Homology-based method for detecting regions of interest in colonic digital images
© Nakane et al.; licensee BioMed Central. 2015
Received: 24 September 2014
Accepted: 4 March 2015
Published: 24 April 2015
A region of interest (ROI) is a part of tissue that contains important information for diagnosis. To use many image analysis methods efficiently, a technique that would allow for ROI identification is required. For the colon, ROIs are characterized by areas of stronger color intensity of hematoxylin. Since malignant tumors grow in the innermost layer, most ROIs will be located in the colonic mucosa and will be an accumulation of tumor cells and/or integrated cells with distorted architecture.

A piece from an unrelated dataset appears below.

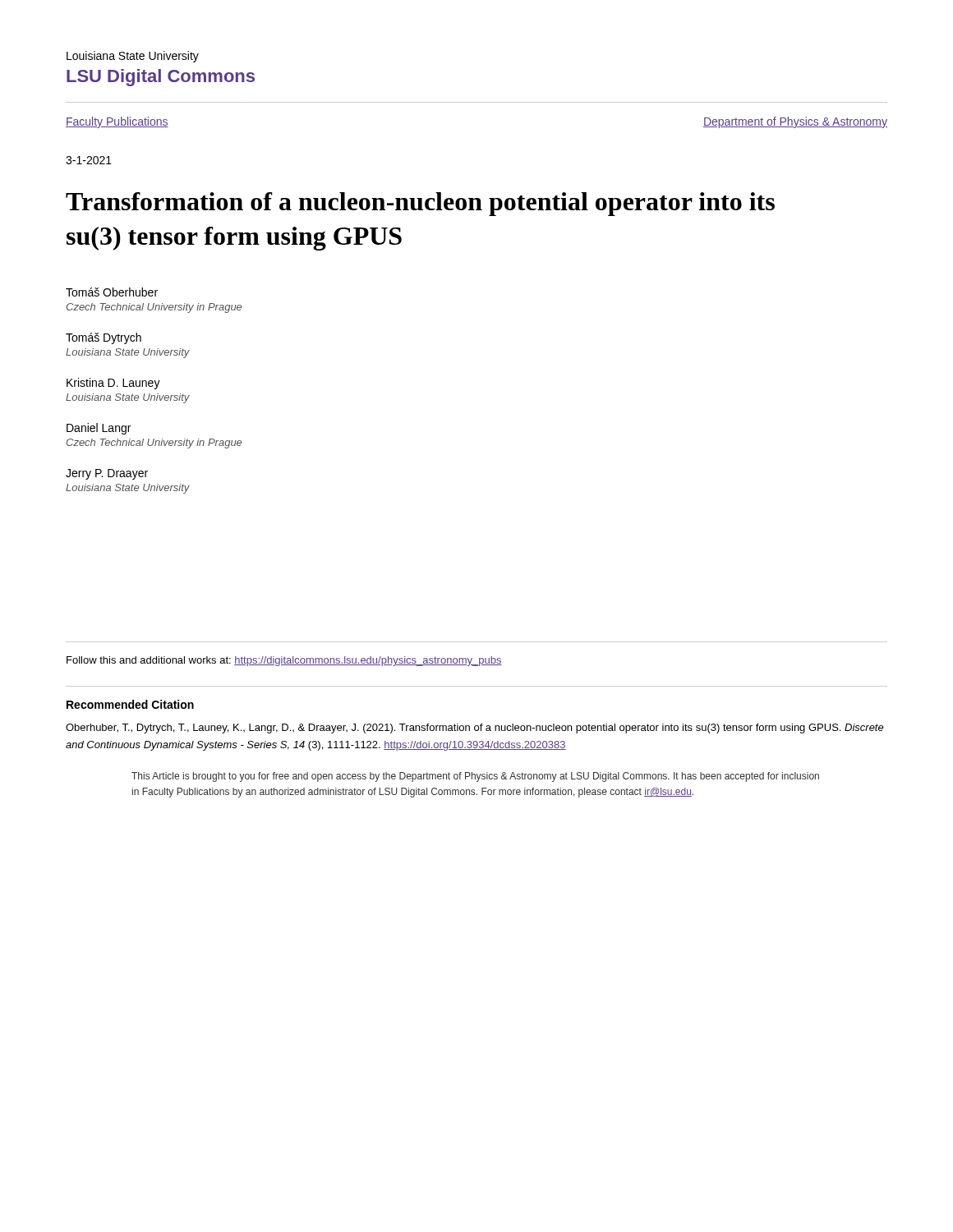The image size is (953, 1232).
Task: Point to the block beginning "Daniel Langr Czech Technical University"
Action: pyautogui.click(x=99, y=429)
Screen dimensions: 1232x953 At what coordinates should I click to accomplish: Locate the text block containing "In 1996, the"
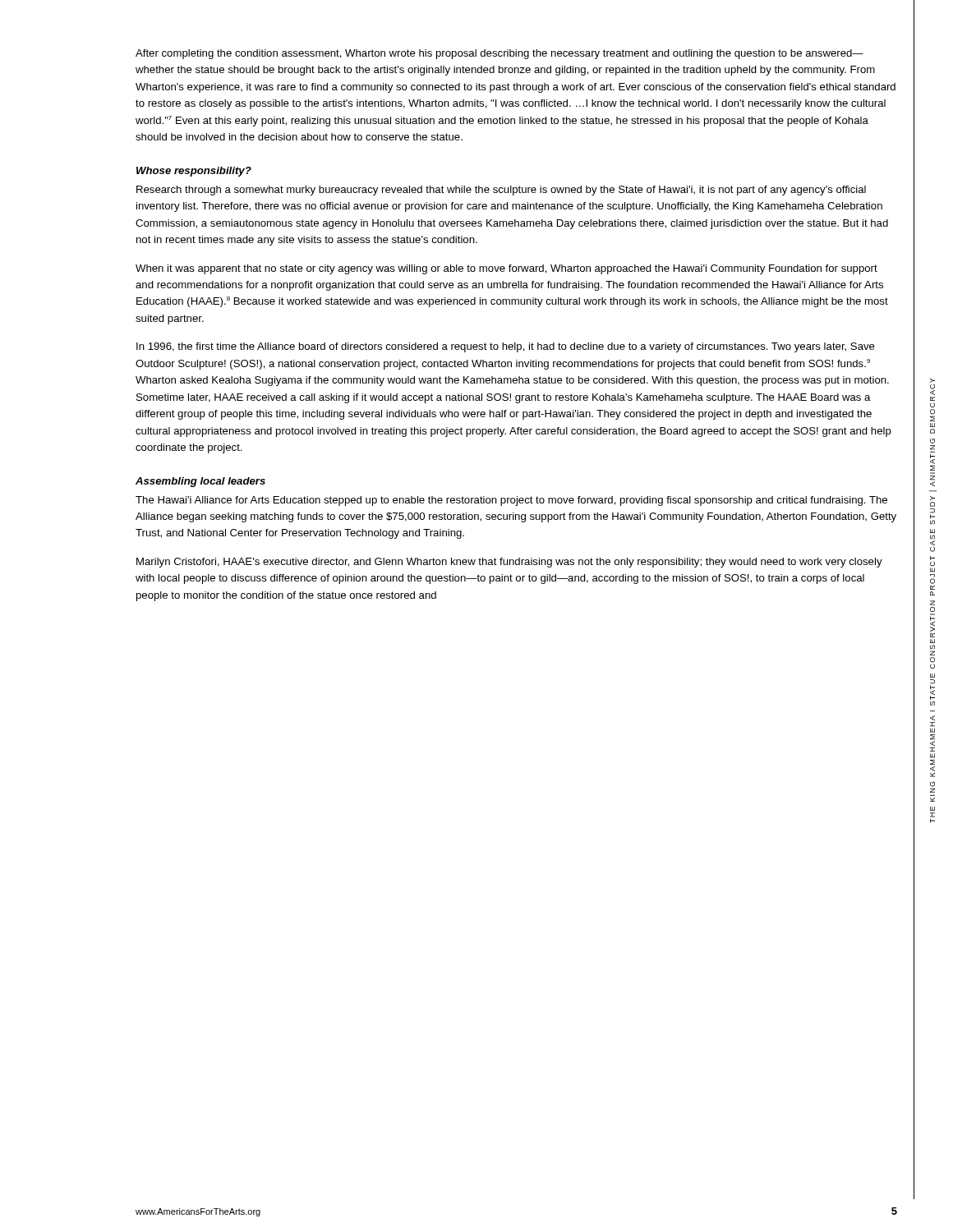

Using homology theory, our group proposed a method to estimate the contact degree of elements in a unit area of tissue. Homology is a concept that is used in many branches of algebra and topology, and it can quantify the contact degree. Due to the lack of contact inhibition of cancer cells, an area with unusual contact degree is expected to be a potential ROI.
The current work verifies the accuracy of this method against the results of pathological diagnosis, based on 1825 colonic images provided by the Osaka Medical Center for Cancer and Cardiovascular Diseases. Although we have many false positives and there is a possibility of missing undifferentiated types of cancer, this system is very effective for detecting ROIs.
The mathematical system proposed by our group successfully detects ROIs and is a potentially useful tool for differentiating tumor areas in microscopic examination very quickly. Because we use only the information from low-power field images, there is room for further improvement. This system could be used to screen for not only colon cancer but other cancers as well. More sophisticated and more efficient automated pathological diagnosis systems can be developed by integrating various techniques available today.
The virtual slide(s) for this article can be found here: http://www.diagnosticpathology.diagnomx.eu/vs/7129390011429407.
KeywordsPathology Colon cancer Computer-assisted diagnosis The Betti numbers Histology
Building a reliable computer-assisted pathological diagnosis system will help reduce the burden on pathologists. Various methods have been proposed, but cancer tissue is difficult to recognize because of its complex morphology. Moreover, with the development of virtual slides, biopsy samples can be easily digitized. The amount of data to be processed has increased significantly, but current systems for processing enormous databases are expensive and obtaining numerical results is time-consuming.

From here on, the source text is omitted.